Sen. Hillary Clinton, D-New York, raised an amazing $26 million in contributions for the first quarter -- nearly three times as much as the previous record holder, former vice president Al Gore, for money raised during this three-month period.

At a campaign event Monday, Clinton told the audience that she was proud of her fundraising. "I'm proud that I have such strong financial support from across the country, with so many donors who are believing in my campaign," she said.

Clinton is not the only Democrat who had high fundraising totals. Former Sen. John Edwards, D-North Carolina, is reporting a very impressive first-quarter take of $14 million.

Contributors like to bet on winners. So the front-runners in the polls tend to be the front-runners in the money. Sen. Barack Obama, D-Illinois, who generally polls only behind Clinton among Democrats, has yet to report his numbers, but the fundraising totals are expected to be impressive.

Even Democrats further down in the polls are posting strong results. New Mexico Gov.
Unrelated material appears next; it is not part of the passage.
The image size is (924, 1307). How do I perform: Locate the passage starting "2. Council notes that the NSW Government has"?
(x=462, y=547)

Bill Richardson took in $6 million, Connecticut Sen. Chris Dodd raised approximately $4 million, and Sen. Joe Biden of Delaware raised $1 million to $2 million.
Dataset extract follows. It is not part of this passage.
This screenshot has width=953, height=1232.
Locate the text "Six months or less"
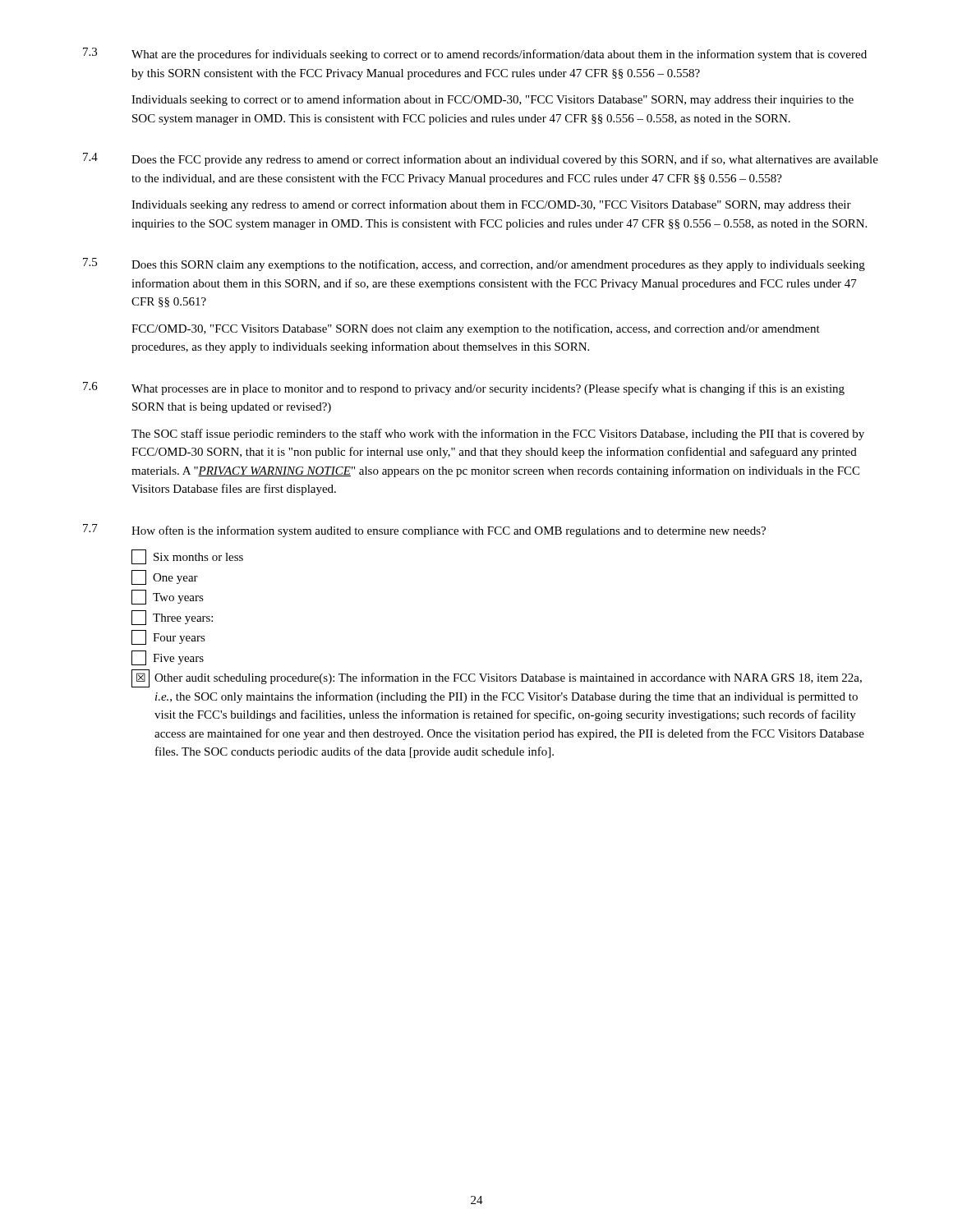coord(187,557)

"Someone like Bill Richardson's ability to post $6 million in the first few months of the fundraising cycle is quite amazing," said CNN Political Editor Mark Preston. "He's from a small state, but it also shows that Bill Richardson still has a national fundraising network."

And there are a few surprises on the Republican side. Former Massachusetts Gov. Mitt Romney raised more than $20 million.
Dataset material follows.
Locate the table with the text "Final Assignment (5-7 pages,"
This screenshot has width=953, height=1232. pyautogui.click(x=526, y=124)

"I think that the quarter goes to Mitt Romney," Preston said.

What about the front-runner in the Republican polls, former New York City Mayor Rudy Giuliani? His $14 million take is not too shabby. And Sen. John McCain of Arizona took in $12.5 million. That sounds pretty healthy, but the McCain campaign says, ``We had hoped to do better.''

Altogether, Democrats raised more than $50 million in the first quarter. That's over twice as much as they raised four years ago.

The Republican total is approaching $40 million. The last time Republicans had a competitive race -- eight years ago -- the total was just over $14 million at this point.

Why is so much money pouring into this campaign? With no incumbent president or vice president running, the race is wide open. Clinton acknowledged the need for alternative ways to fund campaigns, saying, "Eventually, I think we've got to look toward public financing."

But Clinton and most of the leading candidates in both parties have concluded that public financing will not be adequate this year. So they're raising money for both the primaries and the general election campaigns.

When all is said and done, we could be looking at the first billion-dollar election in the nation's history. All that big money does not come from a few fat-cat contributors. The most an individual can contribute to a candidate is $2,300 for the primaries and $2,300 for the general election. It looks like a lot of people are willing and able to do that.